"""
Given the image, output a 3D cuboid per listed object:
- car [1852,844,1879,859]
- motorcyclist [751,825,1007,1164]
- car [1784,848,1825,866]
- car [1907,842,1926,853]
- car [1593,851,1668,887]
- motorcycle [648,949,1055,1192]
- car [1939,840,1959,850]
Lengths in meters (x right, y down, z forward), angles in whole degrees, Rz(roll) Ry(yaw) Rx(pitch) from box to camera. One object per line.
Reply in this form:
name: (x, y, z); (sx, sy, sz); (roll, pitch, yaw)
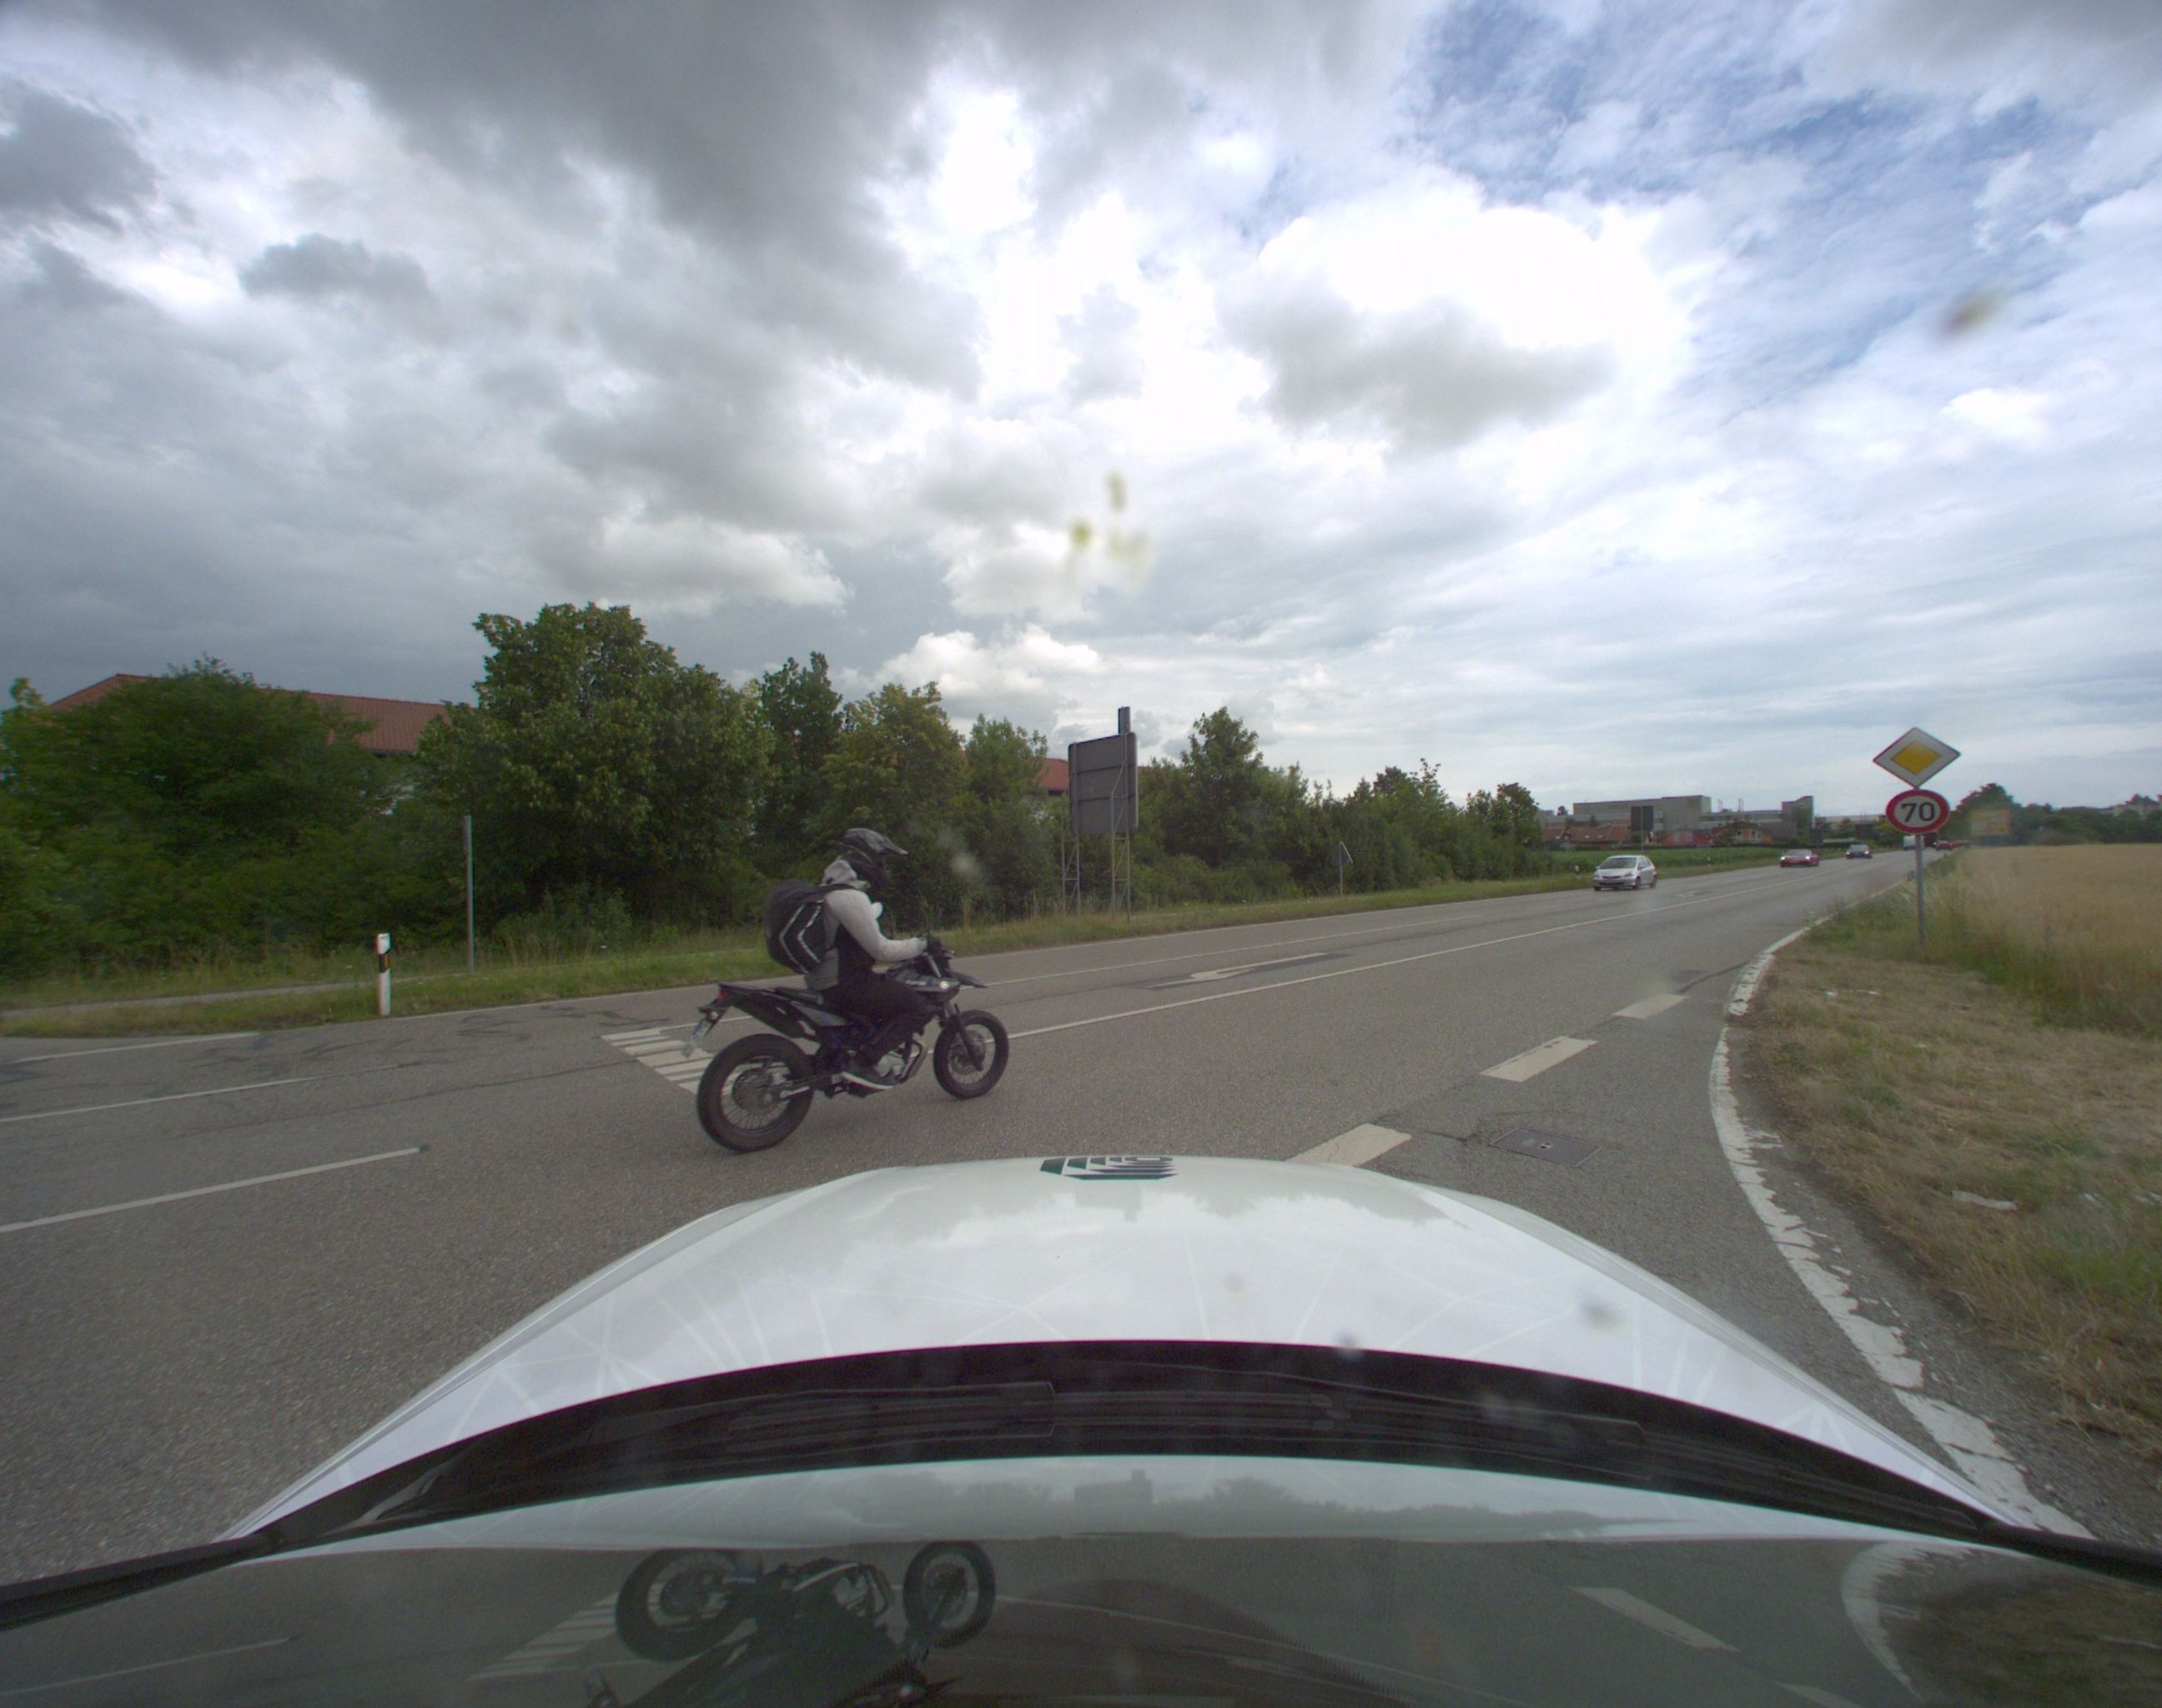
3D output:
car: (82.681, -0.302, 85.840); (4.326, 1.429, 1.654); (-1, -2, -42)
motorcyclist: (-1.225, 0.729, 4.961); (1.207, 1.750, 0.933); (0, -1, -41)
car: (54.409, 0.184, 61.240); (4.234, 1.241, 1.756); (-1, -1, -41)
car: (142.171, -1.098, 138.511); (4.700, 1.699, 1.976); (-1, -1, -41)
car: (23.883, 0.630, 35.338); (3.956, 1.432, 1.714); (-1, -2, -42)
motorcycle: (-1.291, 1.138, 4.891); (2.157, 0.890, 0.933); (-1, -1, -41)
car: (137.778, -1.455, 129.277); (4.020, 1.566, 1.842); (-1, 0, -39)
"""
### Task prompt
Restate the whole listing exactly as written, minus the pictures.

### Expected output
Given the image, output a 3D cuboid per listed object:
- car [1852,844,1879,859]
- motorcyclist [751,825,1007,1164]
- car [1784,848,1825,866]
- car [1907,842,1926,853]
- car [1593,851,1668,887]
- motorcycle [648,949,1055,1192]
- car [1939,840,1959,850]
Lengths in meters (x right, y down, z forward), angles in whole degrees, Rz(roll) Ry(yaw) Rx(pitch) from box to camera. One object per line.
Reply in this form:
name: (x, y, z); (sx, sy, sz); (roll, pitch, yaw)
3D output:
car: (82.681, -0.302, 85.840); (4.326, 1.429, 1.654); (-1, -2, -42)
motorcyclist: (-1.225, 0.729, 4.961); (1.207, 1.750, 0.933); (0, -1, -41)
car: (54.409, 0.184, 61.240); (4.234, 1.241, 1.756); (-1, -1, -41)
car: (142.171, -1.098, 138.511); (4.700, 1.699, 1.976); (-1, -1, -41)
car: (23.883, 0.630, 35.338); (3.956, 1.432, 1.714); (-1, -2, -42)
motorcycle: (-1.291, 1.138, 4.891); (2.157, 0.890, 0.933); (-1, -1, -41)
car: (137.778, -1.455, 129.277); (4.020, 1.566, 1.842); (-1, 0, -39)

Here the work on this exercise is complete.